对待鉴定文本中的各个分句继续进行分词处理。对各个语句进行 分词,以便后续与敏感词库中的各个敏感词进行关键字匹配操作。本实施例中,可采用N元文法统计模型(N-gram Model)、隐马尔科夫模型(Hidden Markov Model,简称HMM)、最大熵模型(Maximum Entropy Model)来进行分词,分词算法可包括:正向最大匹配,反向最大匹配,双向最大匹配,最短路径算法。例如,N-gram模型中,假设T是由词序列W1,W2,W3,…Wn组成的,那么有如下公式:P(T)=P(W1W2W3…Wn)=P(W1)P(W2|W1)P(W3|W1W2)…P(Wn|W1W2…Wn-1)。

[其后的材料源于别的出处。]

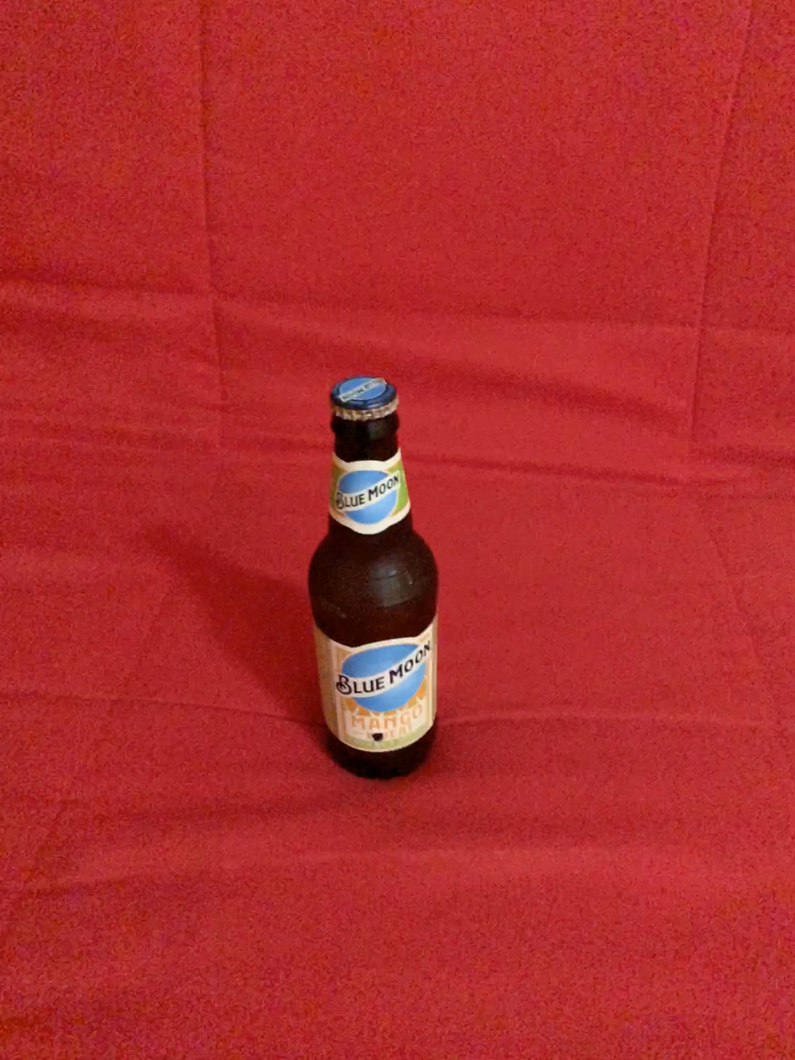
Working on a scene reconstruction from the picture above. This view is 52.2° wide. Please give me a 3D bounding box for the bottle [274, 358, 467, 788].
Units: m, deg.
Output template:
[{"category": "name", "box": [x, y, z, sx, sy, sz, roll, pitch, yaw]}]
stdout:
[{"category": "bottle", "box": [-0.009, 0.032, 0.389, 0.070, 0.216, 0.069, -1, 41, 1]}]
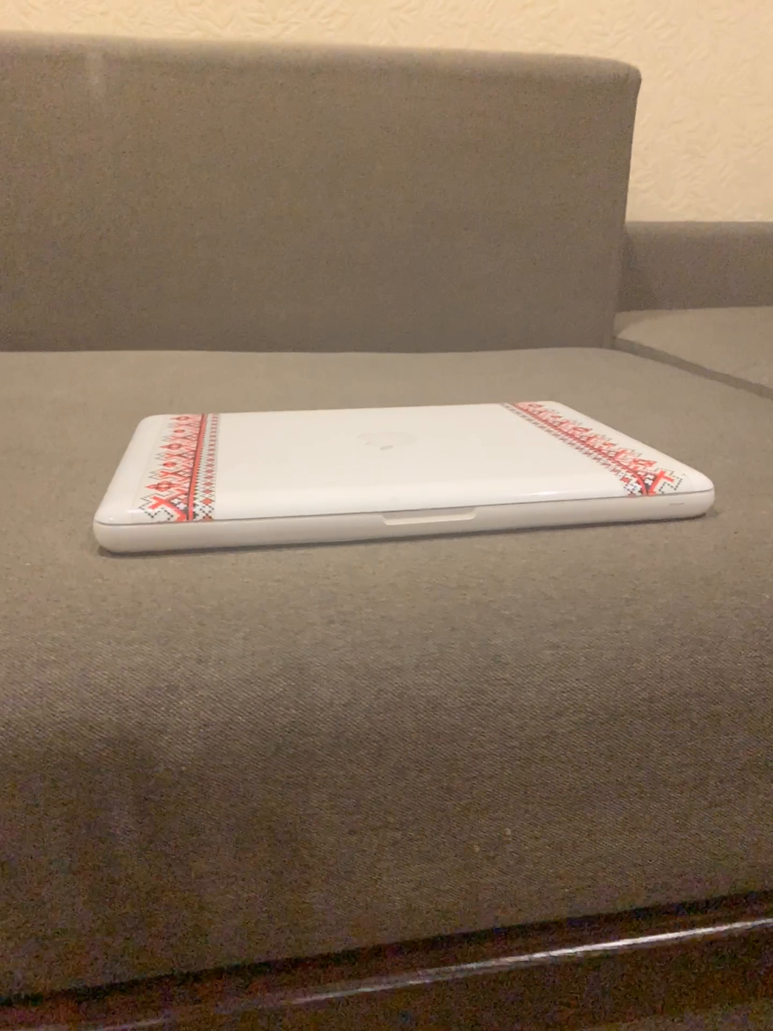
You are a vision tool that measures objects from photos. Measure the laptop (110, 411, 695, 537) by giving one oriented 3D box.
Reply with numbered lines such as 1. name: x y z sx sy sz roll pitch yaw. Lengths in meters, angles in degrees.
1. laptop: 0.001 -0.038 0.532 0.324 0.003 0.223 -3 21 -12
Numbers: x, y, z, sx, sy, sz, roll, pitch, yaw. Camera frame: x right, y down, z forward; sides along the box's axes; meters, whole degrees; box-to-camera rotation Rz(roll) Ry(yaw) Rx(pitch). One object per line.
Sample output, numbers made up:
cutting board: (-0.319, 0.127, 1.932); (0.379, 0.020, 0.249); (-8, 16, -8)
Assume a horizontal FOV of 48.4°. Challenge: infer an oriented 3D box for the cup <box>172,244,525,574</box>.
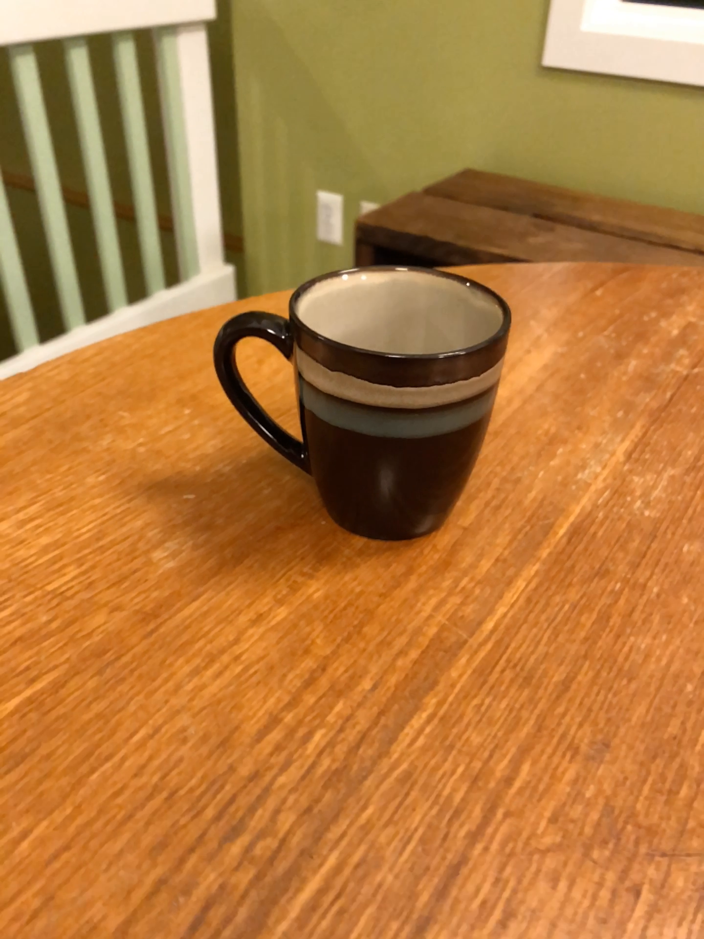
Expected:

具体地,在一种可选的实施方式中,采用二元的Bi-Gram分词方法进行分词,采用bigram策略即一个词的出现仅依赖于它前面出现的两个词,公式如下:
P(T)=P(W1W2W3)=P(W1)P(W2|W1)P(W3|W1W2)≈
P(W1)P(W2|W1)P(W3|W2)。
步骤S3,将各个分词与预先建立的敏感词库中的各个敏感词进行匹配,得到与预先建立的敏感词库中敏感词相匹配的分词。
本实施例中,预先可建立敏感词库也即敏感关键词消息库,例如,可按不同敏感类型建立敏感关键词消息库,包括:建立包含反动、反人类等危害社会活动的消息库;建立包含宗教、政治、事件等敏感的消息库;建立包含广告、诈骗等垃圾信息的消息库;建立包含黄赌毒等完全与金融活动无关的消息库。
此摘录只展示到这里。